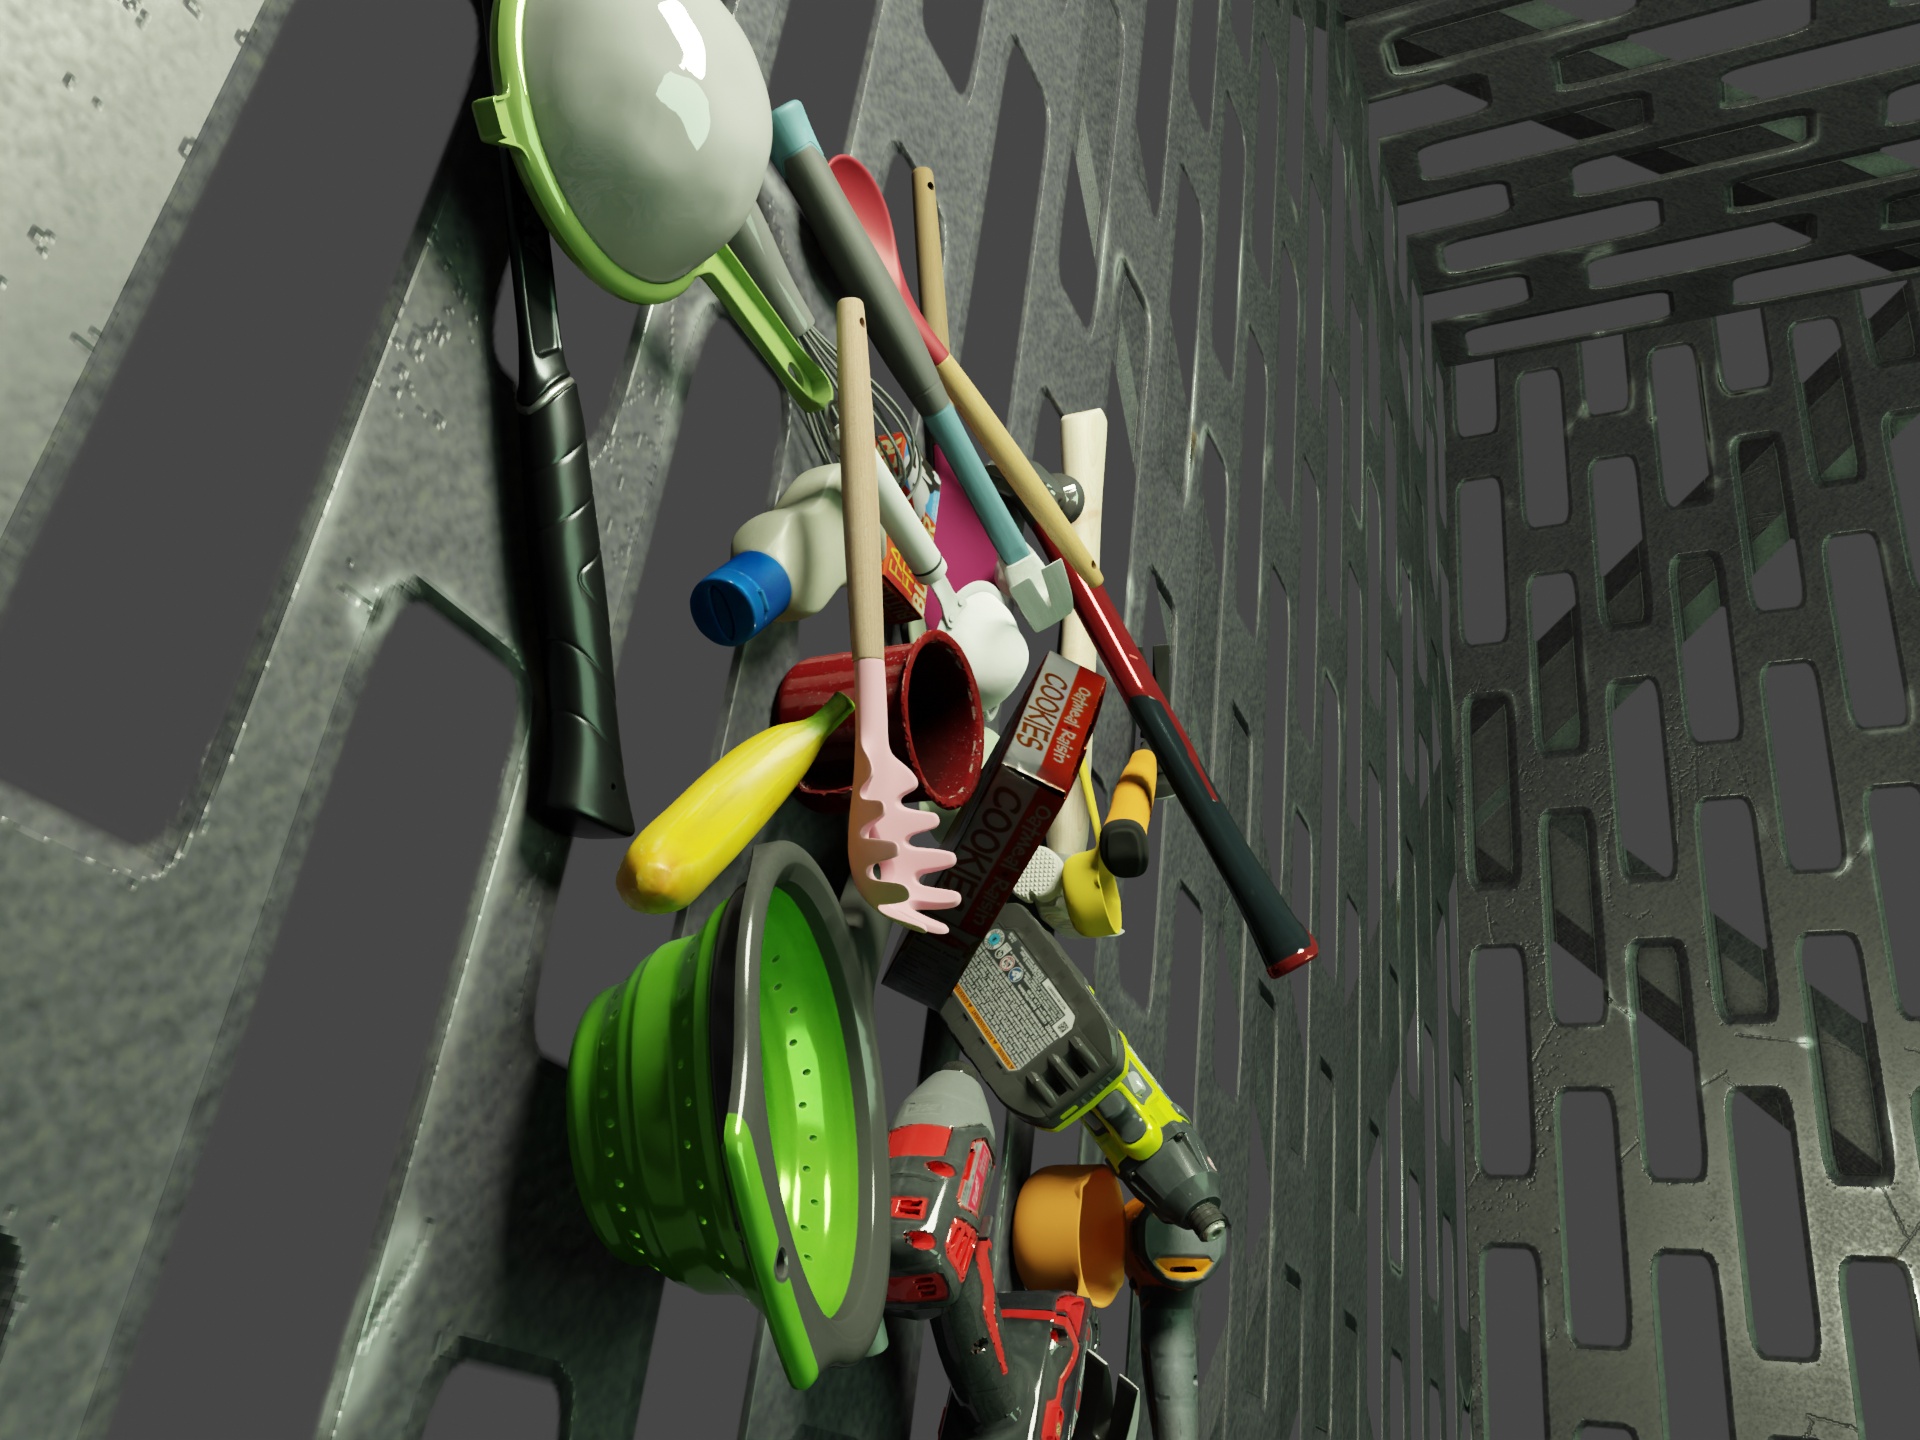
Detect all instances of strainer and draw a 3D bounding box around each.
[{"bbox_3d":[-0.101,-0.228,0.703,0.256,0.069,0.152,51,39,-50],"label":"strainer"},{"bbox_3d":[-0.013,-0.077,0.872,0.087,0.050,0.258,-61,140,-26],"label":"strainer"}]

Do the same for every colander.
[{"bbox_3d":[-0.090,0.131,0.717,0.397,0.094,0.204,-76,155,-72],"label":"colander"}]

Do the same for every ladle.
[{"bbox_3d":[0.003,-0.200,0.968,0.315,0.031,0.069,52,47,-27],"label":"ladle"}]

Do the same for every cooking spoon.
[{"bbox_3d":[-0.013,-0.200,1.013,0.068,0.017,0.319,1,81,-40],"label":"cooking spoon"}]

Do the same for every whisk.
[{"bbox_3d":[-0.085,-0.209,0.837,0.238,0.055,0.055,59,34,-34],"label":"whisk"}]

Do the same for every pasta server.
[{"bbox_3d":[-0.038,-0.056,0.758,0.060,0.040,0.316,21,63,-63],"label":"pasta server"}]

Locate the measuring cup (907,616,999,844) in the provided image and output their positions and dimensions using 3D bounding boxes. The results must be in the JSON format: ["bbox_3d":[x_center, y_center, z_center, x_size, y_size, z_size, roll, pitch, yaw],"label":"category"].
[{"bbox_3d":[-0.002,-0.003,0.968,0.083,0.038,0.167,-39,121,-61],"label":"measuring cup"}]

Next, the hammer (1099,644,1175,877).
[{"bbox_3d":[0.131,0.035,1.153,0.337,0.034,0.127,-51,137,-74],"label":"hammer"}]

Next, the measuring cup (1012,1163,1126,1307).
[{"bbox_3d":[0.055,0.355,0.991,0.095,0.052,0.174,68,31,-30],"label":"measuring cup"}]

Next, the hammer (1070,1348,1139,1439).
[{"bbox_3d":[-0.034,0.379,0.709,0.334,0.035,0.146,10,101,-48],"label":"hammer"}]

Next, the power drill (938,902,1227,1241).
[{"bbox_3d":[0.080,0.220,0.967,0.171,0.080,0.223,50,0,45],"label":"power drill"}]

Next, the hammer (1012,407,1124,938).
[{"bbox_3d":[0.090,-0.045,1.178,0.146,0.038,0.411,43,46,-56],"label":"hammer"}]

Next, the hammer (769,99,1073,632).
[{"bbox_3d":[-0.022,-0.188,0.892,0.330,0.033,0.128,59,1,-26],"label":"hammer"}]

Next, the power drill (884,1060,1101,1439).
[{"bbox_3d":[0.008,0.297,0.852,0.143,0.078,0.219,-71,148,-54],"label":"power drill"}]

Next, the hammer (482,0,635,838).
[{"bbox_3d":[-0.171,-0.153,0.655,0.149,0.036,0.409,-7,91,-66],"label":"hammer"}]

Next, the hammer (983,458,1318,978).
[{"bbox_3d":[0.121,-0.006,1.053,0.143,0.038,0.386,-3,62,-62],"label":"hammer"}]

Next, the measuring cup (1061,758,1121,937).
[{"bbox_3d":[0.076,0.068,1.051,0.062,0.029,0.157,46,31,-64],"label":"measuring cup"}]

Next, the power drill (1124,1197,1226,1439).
[{"bbox_3d":[0.137,0.439,1.082,0.164,0.084,0.227,104,-13,-72],"label":"power drill"}]
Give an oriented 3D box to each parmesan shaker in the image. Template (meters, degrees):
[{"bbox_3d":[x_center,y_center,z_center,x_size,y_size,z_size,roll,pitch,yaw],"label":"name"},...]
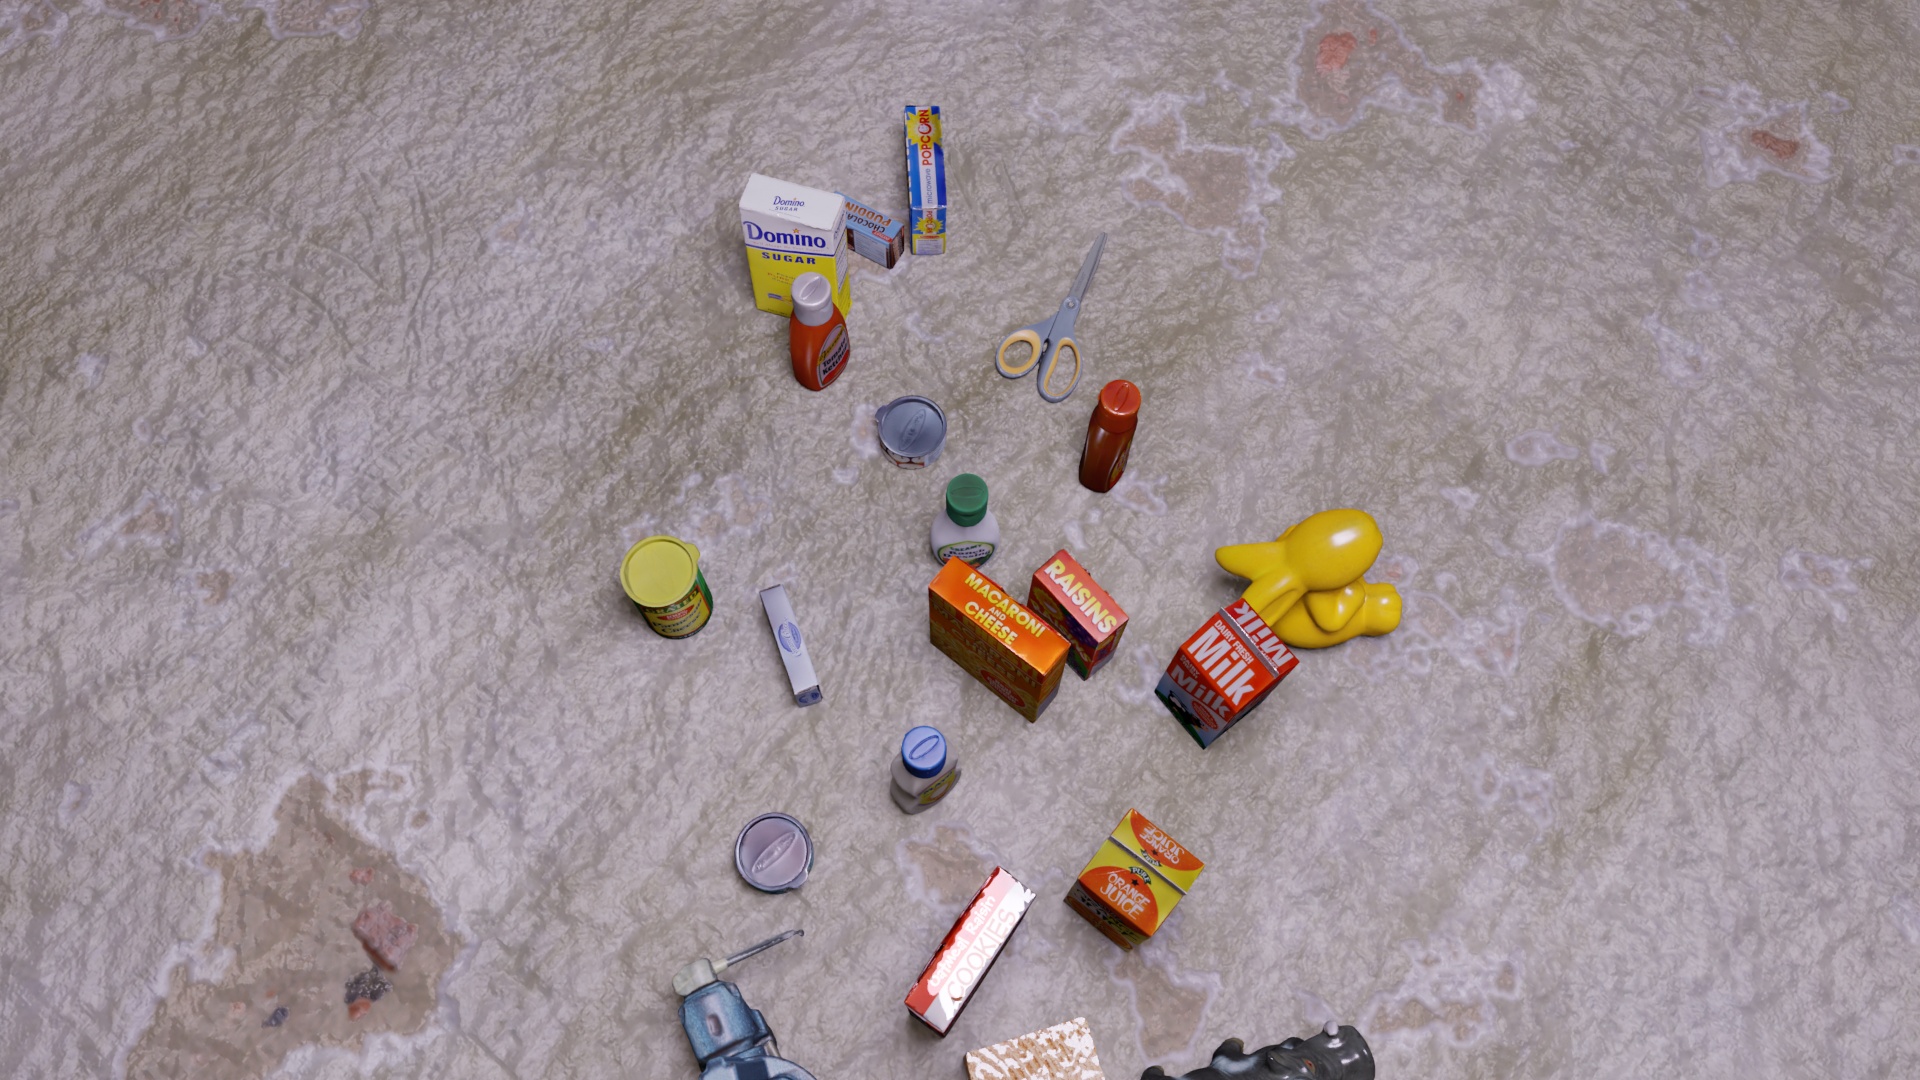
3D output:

:: WORK REQUEST ::
An exact copy of every line above, minus the pictures, is the required output.

:: PROBLEM SOLUTION ::
Detect all instances of strainer and draw a 3D bounding box around each.
[{"bbox_3d":[-0.101,-0.228,0.703,0.256,0.069,0.152,51,39,-50],"label":"strainer"},{"bbox_3d":[-0.013,-0.077,0.872,0.087,0.050,0.258,-61,140,-26],"label":"strainer"}]

Do the same for every colander.
[{"bbox_3d":[-0.090,0.131,0.717,0.397,0.094,0.204,-76,155,-72],"label":"colander"}]

Do the same for every ladle.
[{"bbox_3d":[0.003,-0.200,0.968,0.315,0.031,0.069,52,47,-27],"label":"ladle"}]

Do the same for every cooking spoon.
[{"bbox_3d":[-0.013,-0.200,1.013,0.068,0.017,0.319,1,81,-40],"label":"cooking spoon"}]

Do the same for every whisk.
[{"bbox_3d":[-0.085,-0.209,0.837,0.238,0.055,0.055,59,34,-34],"label":"whisk"}]

Do the same for every pasta server.
[{"bbox_3d":[-0.038,-0.056,0.758,0.060,0.040,0.316,21,63,-63],"label":"pasta server"}]

Locate the measuring cup (907,616,999,844) in the provided image and output their positions and dimensions using 3D bounding boxes. The results must be in the JSON format: ["bbox_3d":[x_center, y_center, z_center, x_size, y_size, z_size, roll, pitch, yaw],"label":"category"].
[{"bbox_3d":[-0.002,-0.003,0.968,0.083,0.038,0.167,-39,121,-61],"label":"measuring cup"}]

Next, the hammer (1099,644,1175,877).
[{"bbox_3d":[0.131,0.035,1.153,0.337,0.034,0.127,-51,137,-74],"label":"hammer"}]

Next, the measuring cup (1012,1163,1126,1307).
[{"bbox_3d":[0.055,0.355,0.991,0.095,0.052,0.174,68,31,-30],"label":"measuring cup"}]

Next, the hammer (1070,1348,1139,1439).
[{"bbox_3d":[-0.034,0.379,0.709,0.334,0.035,0.146,10,101,-48],"label":"hammer"}]

Next, the power drill (938,902,1227,1241).
[{"bbox_3d":[0.080,0.220,0.967,0.171,0.080,0.223,50,0,45],"label":"power drill"}]

Next, the hammer (1012,407,1124,938).
[{"bbox_3d":[0.090,-0.045,1.178,0.146,0.038,0.411,43,46,-56],"label":"hammer"}]

Next, the hammer (769,99,1073,632).
[{"bbox_3d":[-0.022,-0.188,0.892,0.330,0.033,0.128,59,1,-26],"label":"hammer"}]

Next, the power drill (884,1060,1101,1439).
[{"bbox_3d":[0.008,0.297,0.852,0.143,0.078,0.219,-71,148,-54],"label":"power drill"}]

Next, the hammer (482,0,635,838).
[{"bbox_3d":[-0.171,-0.153,0.655,0.149,0.036,0.409,-7,91,-66],"label":"hammer"}]

Next, the hammer (983,458,1318,978).
[{"bbox_3d":[0.121,-0.006,1.053,0.143,0.038,0.386,-3,62,-62],"label":"hammer"}]

Next, the measuring cup (1061,758,1121,937).
[{"bbox_3d":[0.076,0.068,1.051,0.062,0.029,0.157,46,31,-64],"label":"measuring cup"}]

Next, the power drill (1124,1197,1226,1439).
[{"bbox_3d":[0.137,0.439,1.082,0.164,0.084,0.227,104,-13,-72],"label":"power drill"}]
Give an oriented 3D box to each parmesan shaker in the image. Template (meters, degrees):
[{"bbox_3d":[x_center,y_center,z_center,x_size,y_size,z_size,roll,pitch,yaw],"label":"name"},...]
3D output:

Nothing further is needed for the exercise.